This webinar will help device manufacturers to identify valid statistical techniques to control process capability and product characteristics. It will explain process capability indices in detail and their use.

Why Should You Attend:

Manufacturing processes for medical devices involve statistical methods. Process capability analysis examines the inherent variability in a process including the statistical distribution of the process output. When the measurement uses variables data, process variability is the “spread” of a process in statistical control. When the measurement involves attributes data, process capability is often the proportion of nonconforming units.

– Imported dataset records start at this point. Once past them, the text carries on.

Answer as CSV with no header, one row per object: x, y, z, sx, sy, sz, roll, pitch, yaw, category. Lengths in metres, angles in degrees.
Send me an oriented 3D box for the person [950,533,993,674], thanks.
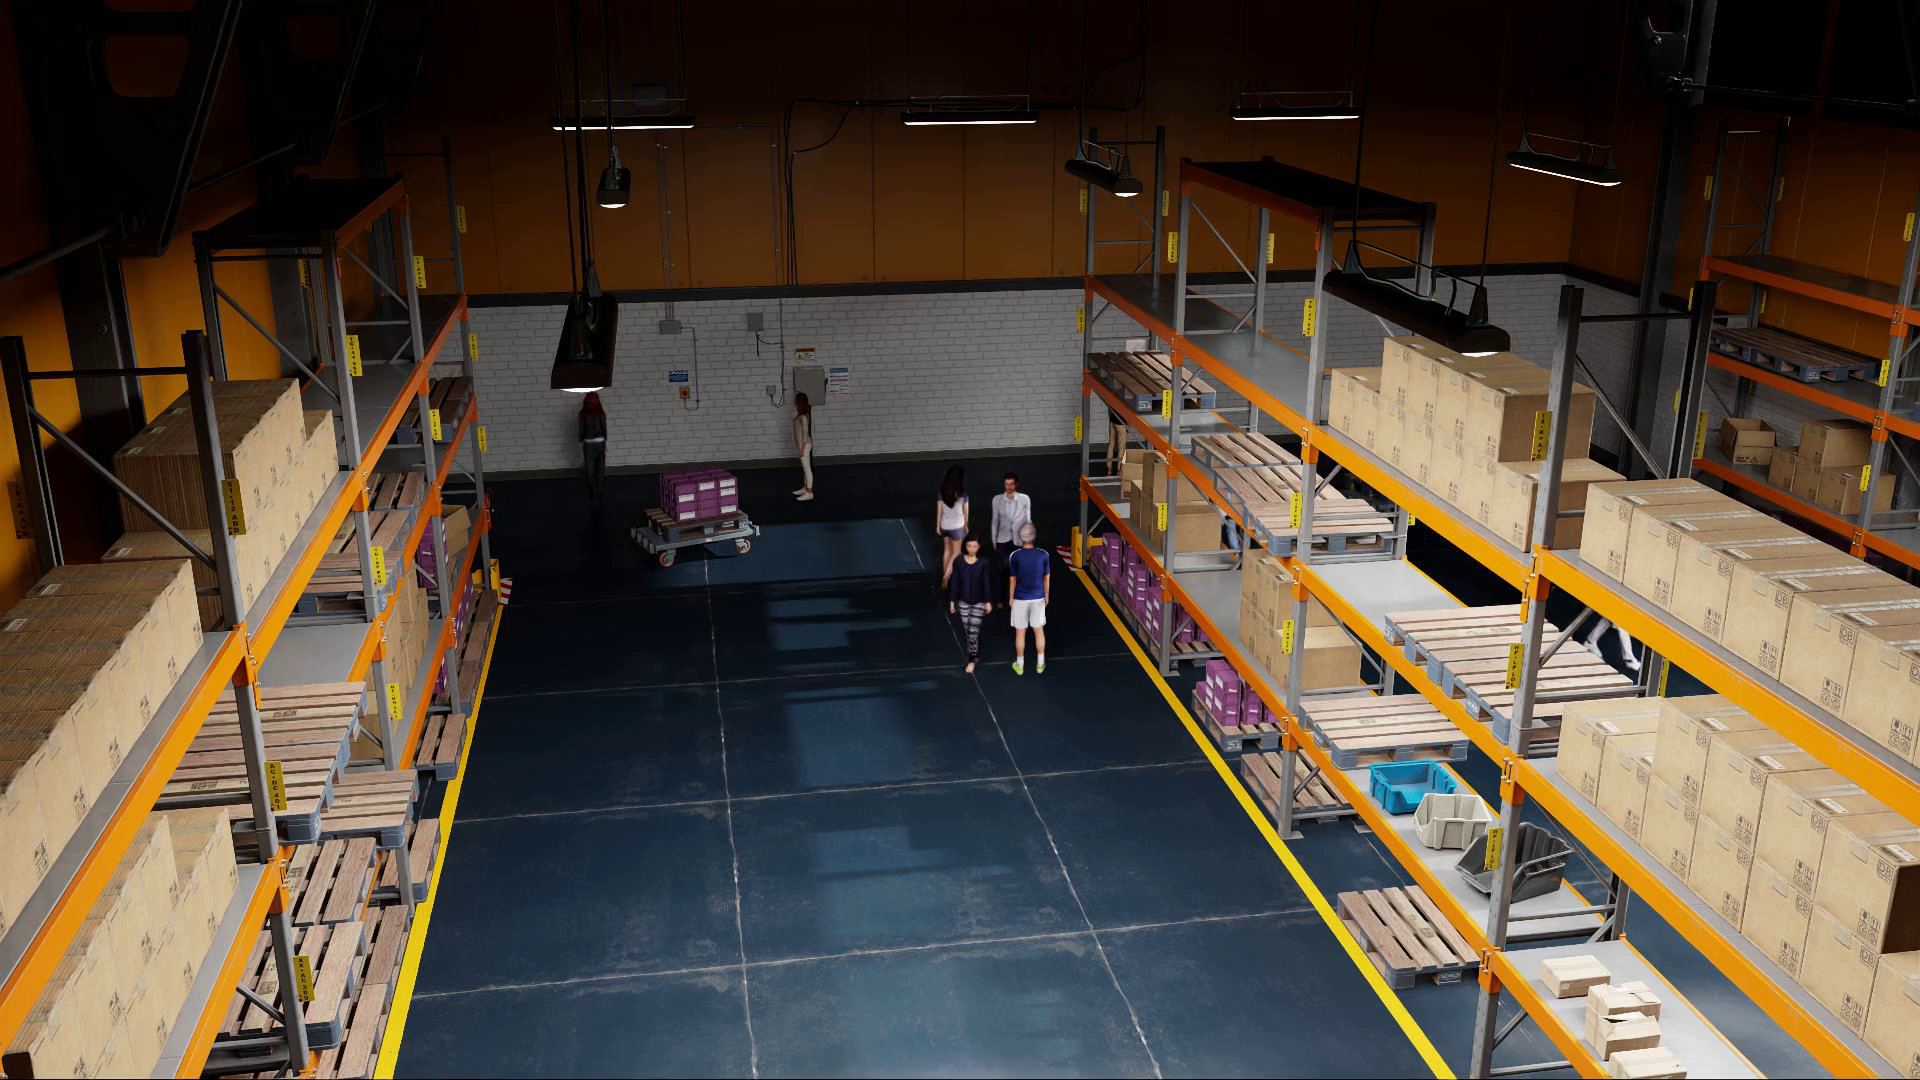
0.173,0.693,19.695,0.789,1.712,0.846,7,20,20,person

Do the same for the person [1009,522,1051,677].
0.807,0.682,19.535,0.625,1.834,0.515,-3,19,-9,person

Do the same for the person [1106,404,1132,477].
2.595,-1.914,27.208,0.776,1.858,0.623,-13,23,-34,person

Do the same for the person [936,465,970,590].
-0.110,-0.139,22.228,0.912,1.673,1.058,6,20,18,person

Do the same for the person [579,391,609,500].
-5.705,-1.432,25.930,0.599,1.760,0.902,-2,19,-7,person

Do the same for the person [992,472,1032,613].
0.687,-0.008,21.625,0.846,1.810,1.185,1,19,3,person

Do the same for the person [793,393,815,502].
-2.444,-1.488,26.170,0.646,1.713,0.480,-3,19,-8,person
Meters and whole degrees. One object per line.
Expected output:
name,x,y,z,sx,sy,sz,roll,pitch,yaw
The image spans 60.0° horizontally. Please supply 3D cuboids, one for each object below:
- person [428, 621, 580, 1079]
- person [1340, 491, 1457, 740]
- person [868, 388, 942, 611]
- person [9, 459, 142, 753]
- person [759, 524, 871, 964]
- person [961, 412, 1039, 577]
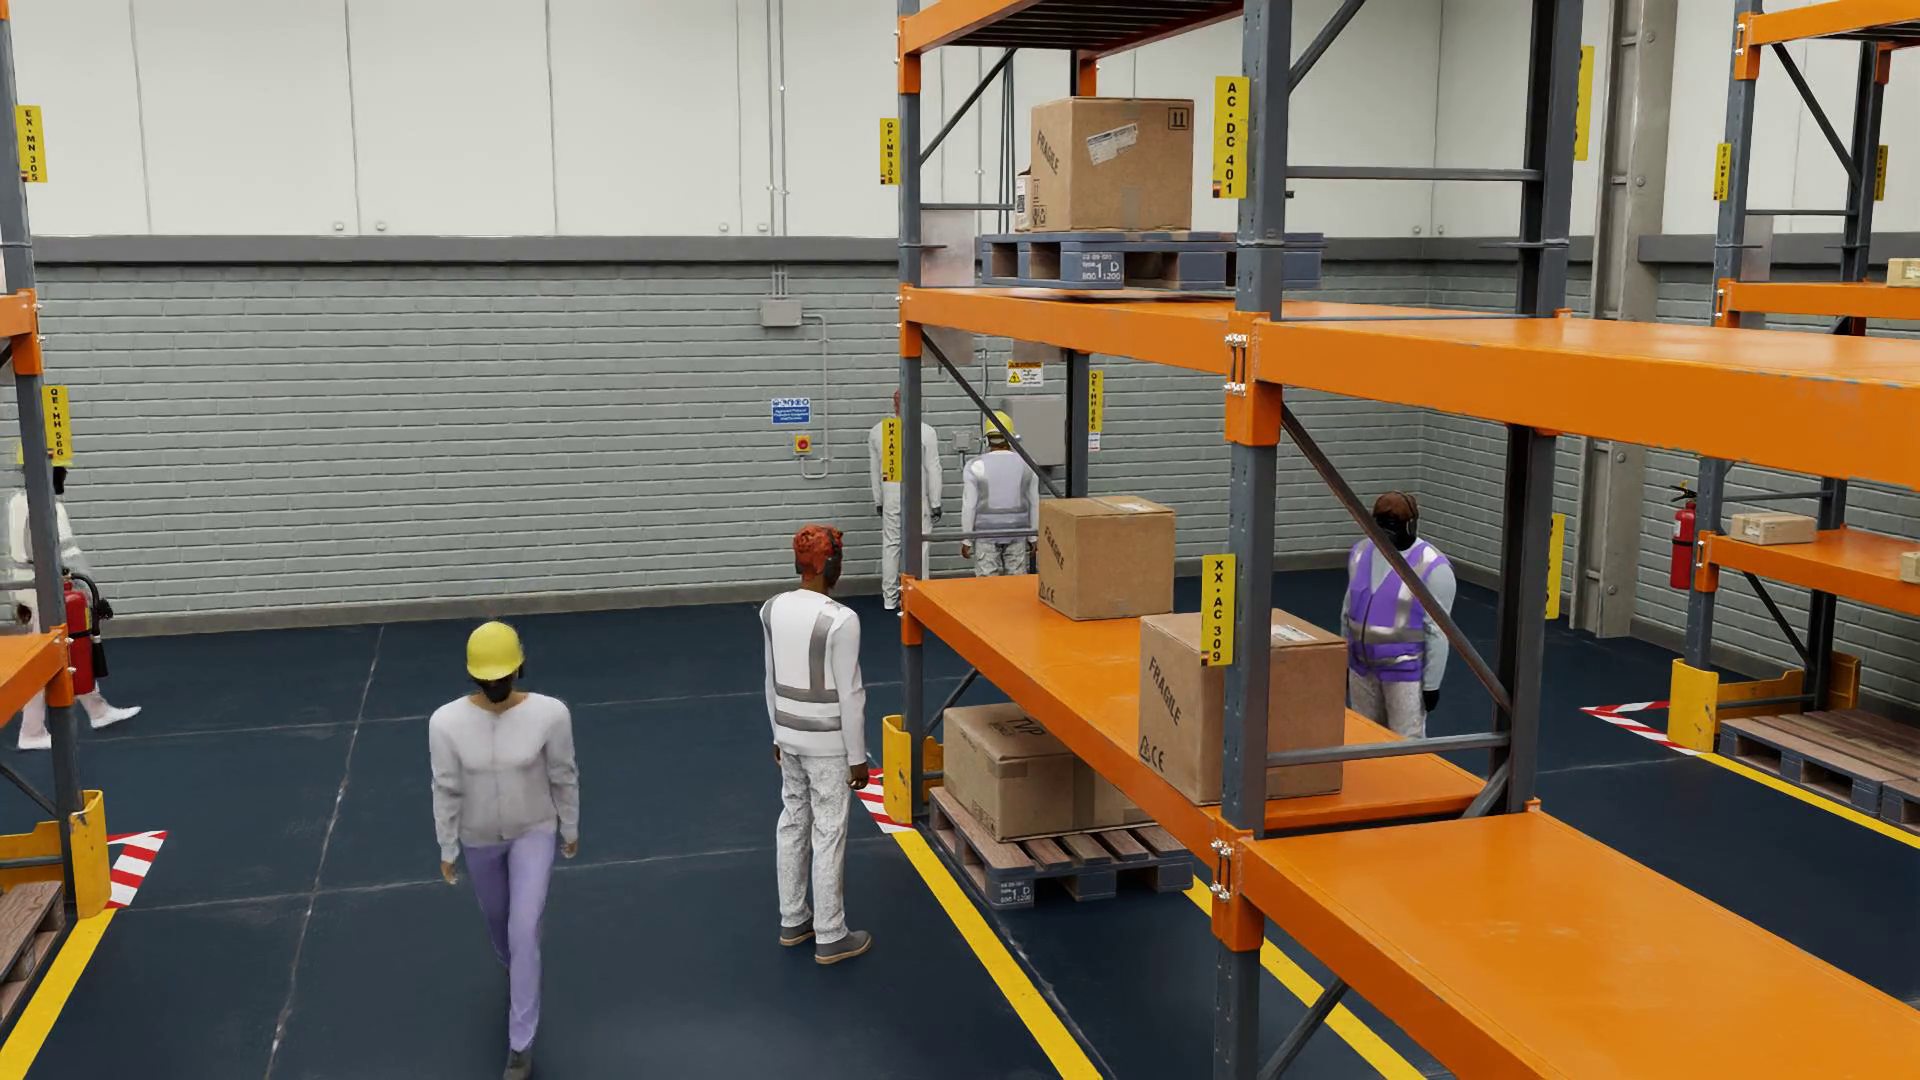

Process capability uses an index that relates process variability and process specifications. This webinar explains the underlying statistics of the most commonly used capability indices. In particular, the webinar explains how to use data from Statistical Process Control (SPC), particularly x-bar and R charts, to calculate these process capability indices.

With an understanding of process capability indices, the topic moves to medical device applications. The webinar illustrates applications of process capability indices in both FDA QSR and ISO 13485 systems using both examples and FDA Warning Letters to illustrate the issues.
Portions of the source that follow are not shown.